** Opening Dataset records block **
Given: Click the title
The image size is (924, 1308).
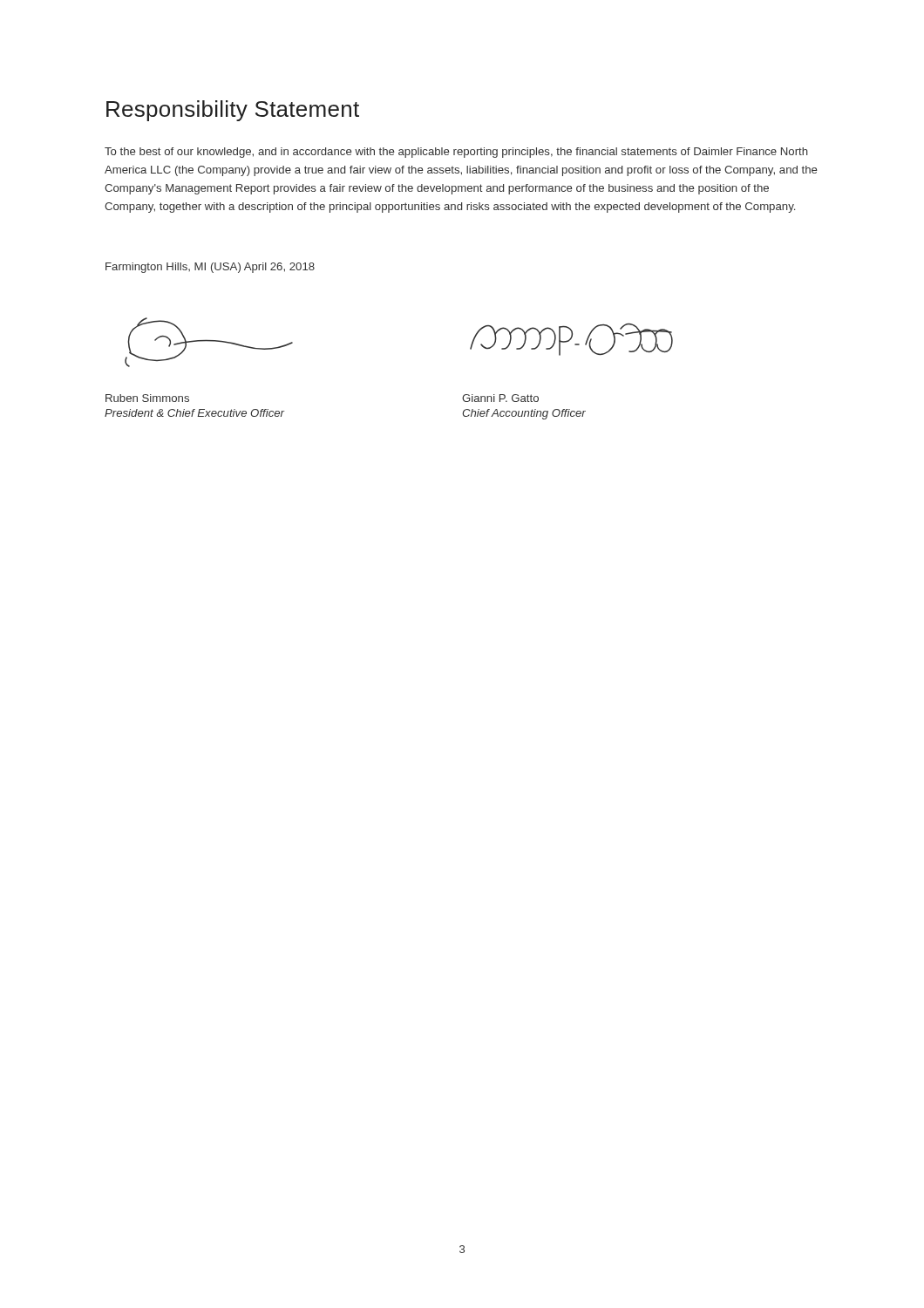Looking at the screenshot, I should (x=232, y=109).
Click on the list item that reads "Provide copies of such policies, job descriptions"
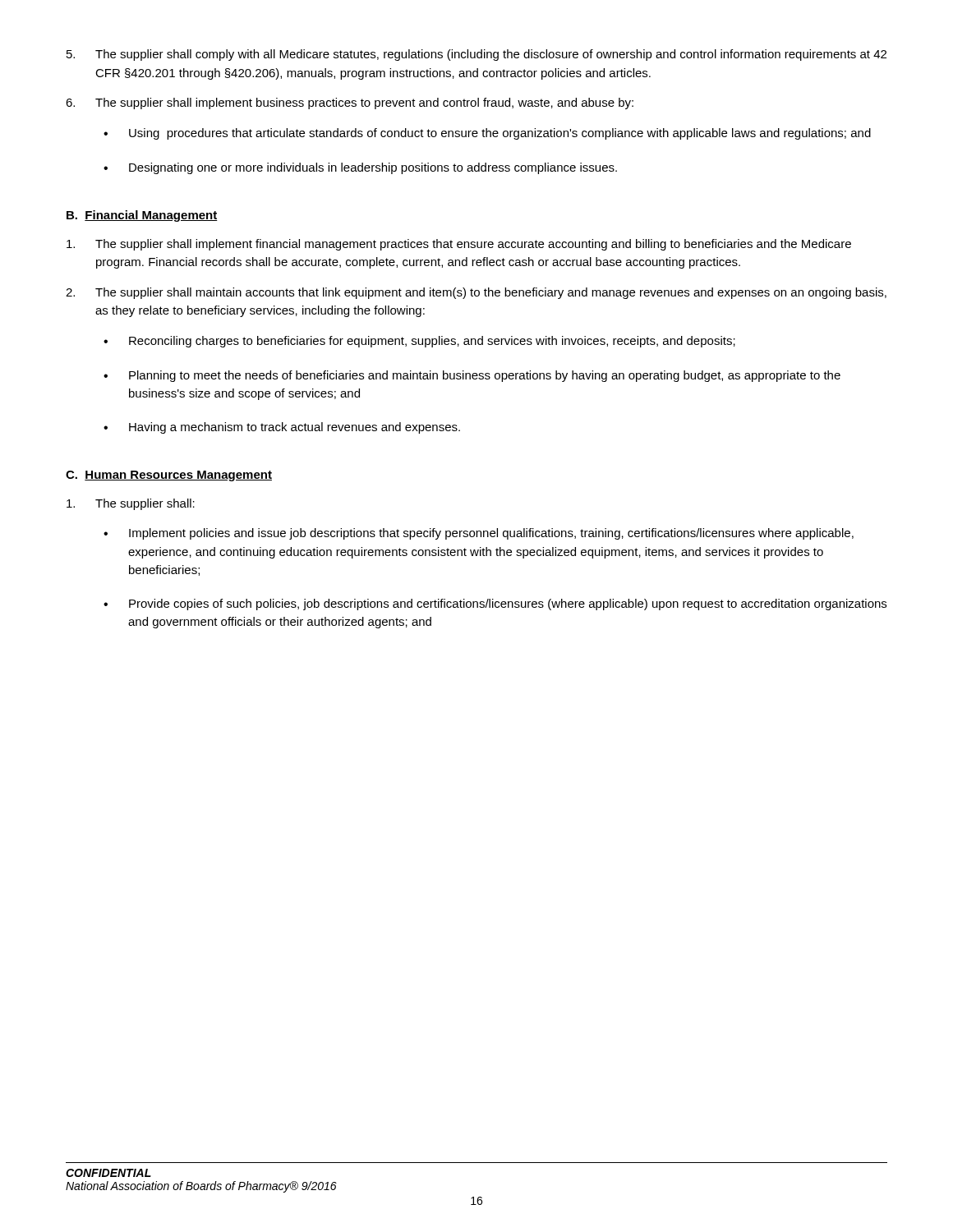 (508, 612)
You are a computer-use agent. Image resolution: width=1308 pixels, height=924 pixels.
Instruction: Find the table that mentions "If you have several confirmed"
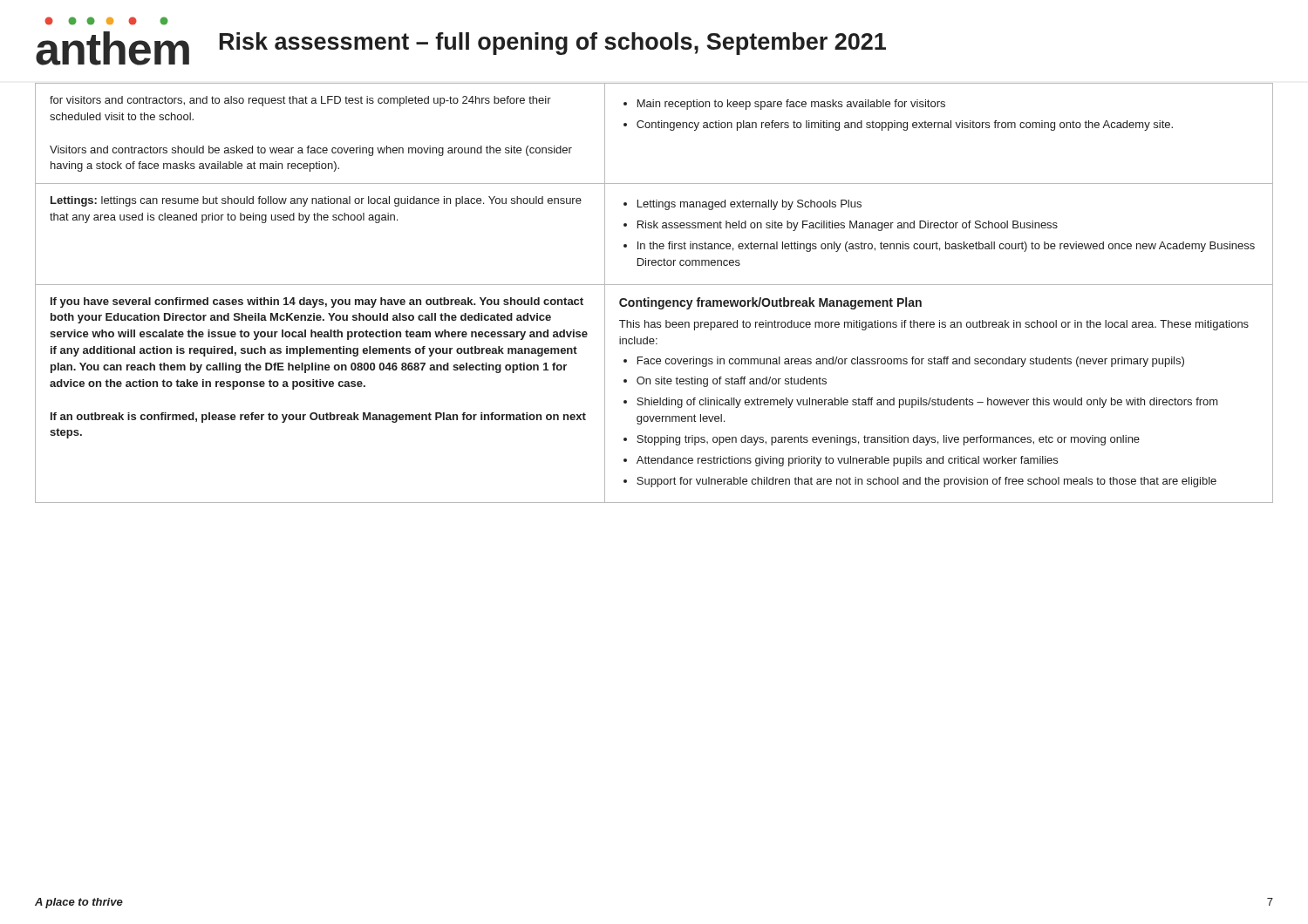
** Closing Dataset records block **
## What is required
Once the line containing "You are a computer-use" has been located, transcribe exactly and only every line from the first line of the entries through it, excluding pictures.

## Solved problem
Given: Click the title
The image size is (924, 1308).
Looking at the screenshot, I should (x=232, y=109).
Click on the list item that reads "Provide copies of such policies, job descriptions"
 (508, 612)
You are a computer-use agent. Image resolution: width=1308 pixels, height=924 pixels.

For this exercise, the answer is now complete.